425 1 nt10016579x2_425.htm 425
Filed by Forian Inc.
pursuant to Rule 425 under the Securities Act of 1933
and deemed filed pursuant to Rule 14a-12
under the Securities Exchange Act of 1934
Subject Company: Forian Inc.
SEC File No.: 333-250938

On November 25, 2020, Medical Outcomes Research Analytics LLC sent the following communication to its investors:

Dear MOR Investor,

This is an update regarding the status of MOR’s combination with Helix to form the new company Forian.  I am pleased to report the following:


1.
Forian and Helix signed a merger agreement with respect to the transaction on October 16, 2020, and the transaction was announced publicly.

2.
On the day prior to the signing of the merger agreement, Helix common stock closed at $.095 per share on the OTC bulletin board.
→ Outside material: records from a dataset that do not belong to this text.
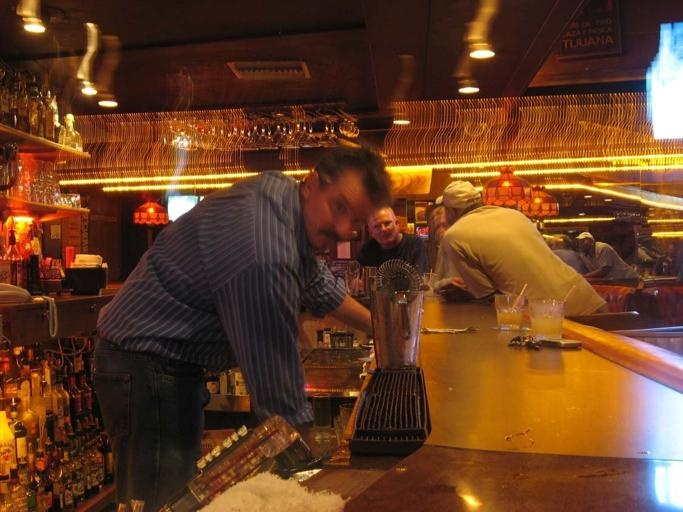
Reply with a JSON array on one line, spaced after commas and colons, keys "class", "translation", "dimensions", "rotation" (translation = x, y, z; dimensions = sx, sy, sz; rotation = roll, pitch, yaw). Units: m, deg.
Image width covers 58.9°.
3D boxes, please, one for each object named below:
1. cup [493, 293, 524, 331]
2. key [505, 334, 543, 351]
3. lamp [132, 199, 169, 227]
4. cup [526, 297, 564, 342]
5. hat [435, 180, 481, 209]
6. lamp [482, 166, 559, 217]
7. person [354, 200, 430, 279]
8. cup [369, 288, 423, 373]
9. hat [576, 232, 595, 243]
[{"class": "cup", "translation": [0.684, 0.240, 2.587], "dimensions": [0.123, 0.163, 0.137], "rotation": [0, -4, 2]}, {"class": "key", "translation": [0.675, 0.318, 2.230], "dimensions": [0.122, 0.035, 0.111], "rotation": [-2, 14, -10]}, {"class": "lamp", "translation": [-3.106, -0.671, 9.922], "dimensions": [0.504, 0.427, 0.558], "rotation": [0, -2, -2]}, {"class": "cup", "translation": [0.756, 0.237, 2.248], "dimensions": [0.122, 0.165, 0.138], "rotation": [0, -4, 0]}, {"class": "hat", "translation": [0.776, -0.402, 4.136], "dimensions": [0.182, 0.125, 0.263], "rotation": [-2, 4, -7]}, {"class": "lamp", "translation": [1.832, -0.660, 6.676], "dimensions": [0.761, 0.488, 0.787], "rotation": [-2, -1, -25]}, {"class": "person", "translation": [0.433, -0.114, 5.241], "dimensions": [0.568, 0.885, 0.579], "rotation": [-9, 1, 4]}, {"class": "cup", "translation": [0.175, 0.237, 1.943], "dimensions": [0.207, 0.351, 0.211], "rotation": [0, -10, 0]}, {"class": "hat", "translation": [3.624, -0.276, 9.020], "dimensions": [0.202, 0.112, 0.150], "rotation": [14, -12, -21]}]
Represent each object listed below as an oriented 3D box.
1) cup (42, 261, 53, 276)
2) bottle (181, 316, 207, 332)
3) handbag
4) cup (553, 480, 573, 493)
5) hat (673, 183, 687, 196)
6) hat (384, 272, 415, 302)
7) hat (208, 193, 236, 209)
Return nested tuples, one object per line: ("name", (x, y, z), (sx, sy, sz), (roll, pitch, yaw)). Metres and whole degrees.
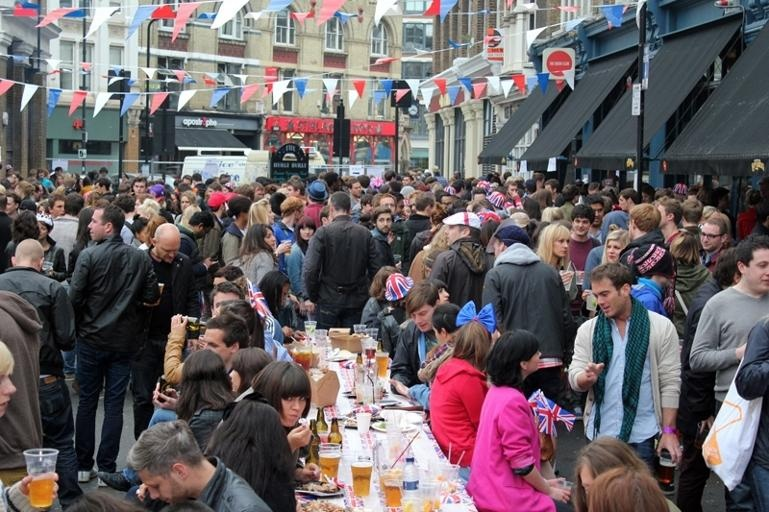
("cup", (-4.286, 0.158, 12.444), (0.172, 0.150, 0.185), (2, -3, 0))
("bottle", (-2.163, 0.809, 11.058), (0.259, 0.187, 0.293), (4, 1, -16))
("handbag", (3.457, 1.673, 9.729), (0.516, 1.377, 0.195), (4, 1, 23))
("cup", (1.795, 2.332, 9.913), (0.320, 0.102, 0.179), (8, -22, -37))
("hat", (5.446, -1.213, 18.078), (0.218, 0.196, 0.339), (4, 14, 18))
("hat", (0.160, 0.380, 12.474), (0.270, 0.168, 0.369), (-26, 21, 7))
("hat", (-2.704, -0.910, 16.240), (0.291, 0.245, 0.487), (24, 17, 22))
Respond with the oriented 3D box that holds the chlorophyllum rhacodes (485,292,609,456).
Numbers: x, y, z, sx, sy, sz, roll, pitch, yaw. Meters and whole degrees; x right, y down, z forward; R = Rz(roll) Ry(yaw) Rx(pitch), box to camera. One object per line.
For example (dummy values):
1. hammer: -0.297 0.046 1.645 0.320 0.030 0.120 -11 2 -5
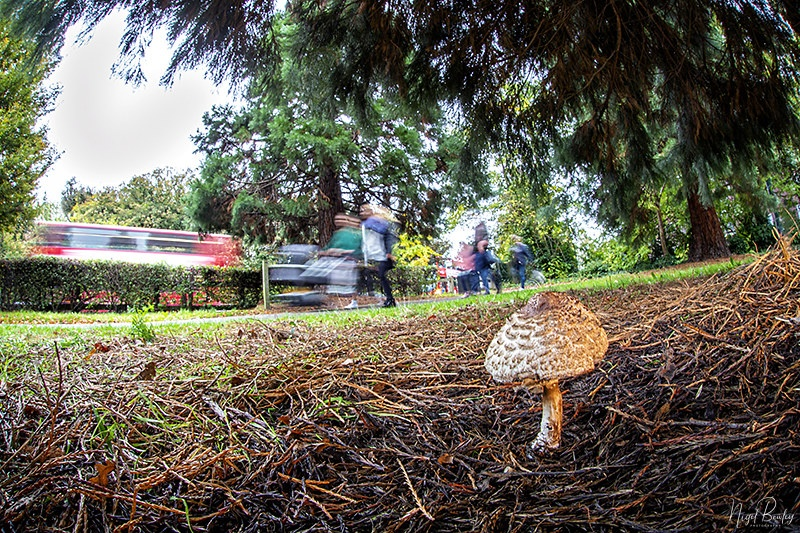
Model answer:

Yesterday, November 23, 2020, Helix common stock closed at $.2115 per share on the OTC bulletin board.

3.
Since the announcement, we have been working on plans to integrate the two businesses and to operate the combined business.

4.
We have engaged with Nasdaq and will apply to list Forian common stock on Nasdaq effective as of the closing of the transaction.

5.
Yesterday, November 24, 2020, Forian filed with the Securities and Exchange Commission a Form S-4 registration statement, which among other things will serve as a proxy statement for the Helix special meeting of shareholders to consider the transaction and will serve as a prospectus to register the shares of Forian common stock that members of MOR will receive.  The Form S-4 can be found electronically on the SEC’s website at www.sec.gov.

6.
The Form S-4 registration contains a significant amount of disclosure regarding Forian, MOR, Helix and the transaction, including: the audited financial statements of both MOR and Helix; pro forma historical financial statements for the transaction; information regarding the businesses of both MOR and Helix; information regarding the corporate governance of Forian, including its proposed directors; information regarding the merger transaction involving Helix; information regarding the contribution transaction involving MOR; risk factors; a description of the background of the merger; and information regarding the fairness opinion delivered to Helix’s board of directors (including the assumptions underlying the fairness such as projections prepared by both MOR and Helix for purposes of the fairness opinion).  The Form S-4 registration statement remains subject to the SEC’s comment process and to further updating by Forian, MOR and Helix before it is finalized.

7.
As a result of the disclosures made in the Form S-4 registration statement regarding Forian, MOR and Helix to date, MOR is advising investors in its Series S-1 preferred units that the material due diligence information such investors received in connection with MOR’s Series S-1 preferred units private placement has been disclosed in the Form S-4 registration statement. If you have received, or in the future do receive, any material non-public information regarding Forian, MOR, Helix, or the announced merger, please consult your own legal adviser as to whether and, if so, when you may trade after having received such information.




8.
We continue to target a Helix shareholder meeting and closing of the transaction in the first quarter of 2021.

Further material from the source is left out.